PROBLEM STATEMENT –
Please show all lines of the records that include "count".

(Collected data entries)
——————

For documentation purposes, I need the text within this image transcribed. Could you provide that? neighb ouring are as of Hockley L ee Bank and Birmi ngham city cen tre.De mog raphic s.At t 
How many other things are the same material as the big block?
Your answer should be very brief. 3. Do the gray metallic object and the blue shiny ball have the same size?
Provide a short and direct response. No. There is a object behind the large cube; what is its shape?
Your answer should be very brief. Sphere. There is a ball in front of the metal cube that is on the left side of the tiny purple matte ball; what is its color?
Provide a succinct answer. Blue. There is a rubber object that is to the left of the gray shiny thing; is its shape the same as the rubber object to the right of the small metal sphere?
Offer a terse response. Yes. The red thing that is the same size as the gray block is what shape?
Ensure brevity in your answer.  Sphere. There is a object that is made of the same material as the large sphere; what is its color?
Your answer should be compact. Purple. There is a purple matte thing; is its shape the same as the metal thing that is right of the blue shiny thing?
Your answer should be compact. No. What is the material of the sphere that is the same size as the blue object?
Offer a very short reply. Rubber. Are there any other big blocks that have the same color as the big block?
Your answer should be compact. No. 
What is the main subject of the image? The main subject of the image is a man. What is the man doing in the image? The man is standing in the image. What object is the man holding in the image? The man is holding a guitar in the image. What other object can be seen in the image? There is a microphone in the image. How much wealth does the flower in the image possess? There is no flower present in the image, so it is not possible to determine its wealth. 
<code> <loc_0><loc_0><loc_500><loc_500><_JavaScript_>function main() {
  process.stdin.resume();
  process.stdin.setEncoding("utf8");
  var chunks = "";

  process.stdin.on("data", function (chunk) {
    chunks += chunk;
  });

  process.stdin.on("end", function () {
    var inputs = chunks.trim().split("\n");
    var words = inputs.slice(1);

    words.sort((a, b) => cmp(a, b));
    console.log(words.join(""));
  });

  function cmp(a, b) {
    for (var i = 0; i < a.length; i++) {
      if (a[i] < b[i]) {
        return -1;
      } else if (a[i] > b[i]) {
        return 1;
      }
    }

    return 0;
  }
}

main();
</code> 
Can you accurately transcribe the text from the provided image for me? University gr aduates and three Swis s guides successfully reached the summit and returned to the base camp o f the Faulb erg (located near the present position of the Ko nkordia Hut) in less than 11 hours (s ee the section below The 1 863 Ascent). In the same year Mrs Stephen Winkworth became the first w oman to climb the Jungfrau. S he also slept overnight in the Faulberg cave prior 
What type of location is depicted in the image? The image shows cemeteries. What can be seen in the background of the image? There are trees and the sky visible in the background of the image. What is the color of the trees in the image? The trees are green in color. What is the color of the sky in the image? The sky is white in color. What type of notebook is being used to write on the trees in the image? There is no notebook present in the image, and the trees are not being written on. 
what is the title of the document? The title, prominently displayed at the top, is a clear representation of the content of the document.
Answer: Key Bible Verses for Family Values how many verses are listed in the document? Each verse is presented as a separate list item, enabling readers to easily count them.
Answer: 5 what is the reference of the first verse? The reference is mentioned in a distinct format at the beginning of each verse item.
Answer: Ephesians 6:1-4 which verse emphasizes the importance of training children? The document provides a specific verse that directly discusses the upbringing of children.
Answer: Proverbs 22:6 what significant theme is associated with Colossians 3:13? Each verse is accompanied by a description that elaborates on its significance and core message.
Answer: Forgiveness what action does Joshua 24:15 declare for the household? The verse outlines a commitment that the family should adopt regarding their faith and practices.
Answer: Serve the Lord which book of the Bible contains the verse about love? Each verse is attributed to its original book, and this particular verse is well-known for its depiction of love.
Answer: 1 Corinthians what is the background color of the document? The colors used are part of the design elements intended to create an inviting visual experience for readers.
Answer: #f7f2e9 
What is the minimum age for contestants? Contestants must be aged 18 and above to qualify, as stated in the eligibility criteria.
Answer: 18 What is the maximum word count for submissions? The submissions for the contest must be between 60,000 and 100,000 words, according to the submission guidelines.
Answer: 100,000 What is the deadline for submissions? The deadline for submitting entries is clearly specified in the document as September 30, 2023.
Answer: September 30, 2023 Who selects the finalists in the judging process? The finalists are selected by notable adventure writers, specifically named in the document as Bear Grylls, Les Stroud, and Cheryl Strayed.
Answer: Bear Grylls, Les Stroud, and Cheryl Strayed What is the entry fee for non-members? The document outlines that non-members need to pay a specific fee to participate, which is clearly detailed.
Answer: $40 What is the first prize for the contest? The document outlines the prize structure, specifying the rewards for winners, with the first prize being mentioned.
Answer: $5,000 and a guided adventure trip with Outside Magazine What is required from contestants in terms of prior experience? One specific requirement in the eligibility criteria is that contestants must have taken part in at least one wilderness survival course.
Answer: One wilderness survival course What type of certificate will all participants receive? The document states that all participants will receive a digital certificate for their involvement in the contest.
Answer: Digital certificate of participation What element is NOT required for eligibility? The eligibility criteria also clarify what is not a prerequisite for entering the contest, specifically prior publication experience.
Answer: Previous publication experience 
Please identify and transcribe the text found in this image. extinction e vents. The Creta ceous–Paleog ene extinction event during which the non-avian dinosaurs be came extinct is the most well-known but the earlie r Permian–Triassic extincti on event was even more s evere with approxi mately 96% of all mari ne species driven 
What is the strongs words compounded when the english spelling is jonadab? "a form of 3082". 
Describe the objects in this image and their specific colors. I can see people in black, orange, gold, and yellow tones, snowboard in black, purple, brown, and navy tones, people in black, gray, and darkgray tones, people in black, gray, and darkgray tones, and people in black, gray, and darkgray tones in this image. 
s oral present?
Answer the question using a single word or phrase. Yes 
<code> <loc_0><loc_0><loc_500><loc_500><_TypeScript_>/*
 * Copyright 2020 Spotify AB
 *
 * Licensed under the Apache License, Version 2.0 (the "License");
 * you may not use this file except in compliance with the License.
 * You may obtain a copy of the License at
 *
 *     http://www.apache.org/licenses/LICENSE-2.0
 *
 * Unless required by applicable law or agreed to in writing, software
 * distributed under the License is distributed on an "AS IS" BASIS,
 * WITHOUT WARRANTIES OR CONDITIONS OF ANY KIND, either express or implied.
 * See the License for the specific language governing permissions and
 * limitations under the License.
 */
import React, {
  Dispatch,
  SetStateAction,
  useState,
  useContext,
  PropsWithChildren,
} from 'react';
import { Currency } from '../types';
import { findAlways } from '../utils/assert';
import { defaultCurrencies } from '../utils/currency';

——————

SOLUTION TO THE PROBLEM –
Answer: Key Bible Verses for Family Values how many verses are listed in the document? Each verse is presented as a separate list item, enabling readers to easily count them.
Answer: 18 What is the maximum word count for submissions? The submissions for the contest must be between 60,000 and 100,000 words, according to the submission guidelines.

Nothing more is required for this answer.